Wildlife Service gets it right

The Department of Interior is likely to propose a real improvement in policy for threatened wildlife species – allowing protections to be more tailored to individual species’ needs. This will strengthen incentives for conservation and reduce the conflict and controversy that too often comes with Endangered Species Act decisions. A draft of the proposed regulation was leaked to the media earlier this week. It looks like a smart approach that returns to the origins of why the ‘threatened’ category was made part of our endangered species law in the first place – to act earlier to turn declining wildlife around. (Note: the following analysis is based on that leaked version, which is currently under review by other federal agencies. It is possible that additional changes would be made to the draft before it is released to the public.)

For endangered wildlife, the Endangered Species Act (ESA) prohibits import, export, possession or commerce of endangered species and prohibits ‘take.’ Take refers to actions that kill, harm, maim or disturb animals. However, for threatened species, the law does not include such a blanket prohibition. Rather, it directs the agencies to issue whatever regulations are necessary to provide for the conservation of the species and may use those regulations to prohibit take or the other activities that are prohibited for endangered ones.

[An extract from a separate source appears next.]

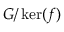Convert formula to latex. <formula><loc_0><loc_0><loc_500><loc_500>G / \ker ( f )</formula>

However, instead of using this authority to create customized, specific rules for individual species, in 1978, the U.S. Fish and Wildlife Service adopted a ‘blanket’ rule that applies the same protections to all threatened species as existed for endangered ones. They have still gone in and adopted special rules for more than 50 wildlife species, but the default is that one category of wildlife is treated just like the other.

The leaked April 2018 draft would not change the status quo for any threatened species already listed, but the ‘blanket’ rule would no longer apply to newly listed threatened wildlife. Instead, the U.S. Fish and Wildlife Service would issue species-specific rules on a case by case, just at NOAA has done for marine species for decades.

The change, if adopted, represents a step forward for wildlife recovery. Here is how:

  • It makes it easier to write species-specific rules that tailor protections to the circumstances of each threatened animal.
  • By creating meaningful differences between the regulatory requirements for threatened and endangered animals, it incentivizes conservation action by states, landowners and others who can see the benefits of achieving downlisting goals (i.e. getting species from the endangered to the lower threatened category).
  • Based on experience with the more than 50 species already covered by USFWS special 4(d) rules, it allows more targeted and less controversial species recovery efforts.
  • It lowers political opposition to listing threatened species earlier in their decline because those listings don’t automatically come with perceived land use restrictions.

It may be months before other federal agencies finish their review of the draft, and then there is a public comment period to come, but this change will eventually make it easier to provide targeted protection and stronger incentives for conservation investment in the threatened wildlife that share our lands and waters.